If you’re going to college this fall, instead of taking out a student loan to help pay tuition, how about getting some money up front from your school? But there's a catch: Your school will take a percentage of your income for a set amount of time after you graduate.
That's the idea behind income-share agreements, and Norwich University will try out the concept with some students starting this fall.
VPR's Henry Epp spoke with Lauren Wobby, Norwich University's chief financial officer and treasurer. Listen to their full conversation above.
Unlike traditional debt payments, which stay the same regardless of a debtor's income, the amount students will have taken from their salary after graduation will change with their income.
"So, if there's a rough patch in their employment and their income level has dropped, so will the percentage of their sharing," said Lauren Wobby, Norwich University's chief financial officer and treasurer.
Wobby said students could end up paying more than they were initially given by the university if they earn a higher salary. However, she said Norwich's programs will cap the amount students can pay.

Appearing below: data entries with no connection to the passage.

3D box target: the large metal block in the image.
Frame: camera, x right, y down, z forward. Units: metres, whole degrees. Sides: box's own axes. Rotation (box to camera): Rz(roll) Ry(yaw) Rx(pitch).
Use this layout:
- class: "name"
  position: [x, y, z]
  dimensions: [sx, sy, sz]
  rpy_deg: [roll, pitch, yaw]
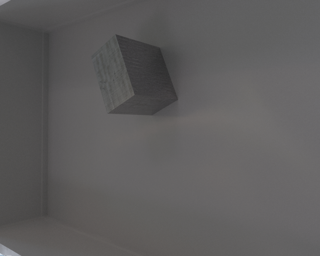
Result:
- class: "large metal block"
  position: [-0.032, -0.064, 0.398]
  dimensions: [0.050, 0.081, 0.080]
  rpy_deg: [-29, 72, 36]

Wobby explained that Norwich will offer two income-share agreement programs starting this fall: For one program, students will only pay back the amount they were given; the second will cap student payments at two times their tuition reduction.

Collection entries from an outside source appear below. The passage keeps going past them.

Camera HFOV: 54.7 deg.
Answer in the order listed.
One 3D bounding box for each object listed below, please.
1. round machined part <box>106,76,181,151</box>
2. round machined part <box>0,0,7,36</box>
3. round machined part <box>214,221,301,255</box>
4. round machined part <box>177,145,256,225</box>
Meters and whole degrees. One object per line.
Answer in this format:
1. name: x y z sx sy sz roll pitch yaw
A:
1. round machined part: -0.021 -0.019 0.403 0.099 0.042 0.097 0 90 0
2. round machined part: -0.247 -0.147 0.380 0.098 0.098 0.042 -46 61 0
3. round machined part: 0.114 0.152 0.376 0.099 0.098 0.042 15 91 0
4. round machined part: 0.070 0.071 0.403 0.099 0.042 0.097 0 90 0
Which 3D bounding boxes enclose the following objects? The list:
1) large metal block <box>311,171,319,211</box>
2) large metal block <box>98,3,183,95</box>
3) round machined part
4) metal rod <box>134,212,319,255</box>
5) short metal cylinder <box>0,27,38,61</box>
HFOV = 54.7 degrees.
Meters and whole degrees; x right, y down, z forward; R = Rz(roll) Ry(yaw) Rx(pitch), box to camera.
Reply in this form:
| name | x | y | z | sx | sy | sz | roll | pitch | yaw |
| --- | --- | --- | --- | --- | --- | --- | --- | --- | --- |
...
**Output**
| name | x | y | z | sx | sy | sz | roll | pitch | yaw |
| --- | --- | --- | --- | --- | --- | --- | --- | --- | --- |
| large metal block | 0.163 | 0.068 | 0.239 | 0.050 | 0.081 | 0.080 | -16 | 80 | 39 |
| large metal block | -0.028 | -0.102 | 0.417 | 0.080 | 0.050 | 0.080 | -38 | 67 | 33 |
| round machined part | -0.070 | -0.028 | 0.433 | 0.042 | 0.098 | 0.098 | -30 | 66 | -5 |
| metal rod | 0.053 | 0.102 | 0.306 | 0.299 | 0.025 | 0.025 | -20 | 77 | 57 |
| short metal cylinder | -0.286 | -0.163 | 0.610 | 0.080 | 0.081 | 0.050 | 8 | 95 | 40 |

Norwich is working with Vemo — a private, for-profit company — to start the income-share agreement programs. However, the school is using its own money for the agreements.
"There is a risk, and we've certainly considered it," Wobby said, "but the far greater risk to us is a student start at Norwich and not complete. That's the risk that we want to avoid. And this program, we believe, will help overcome that."
Wobby said Norwich hopes the program is successful, but said there's nothing stopping the school from ending it if it doesn't work.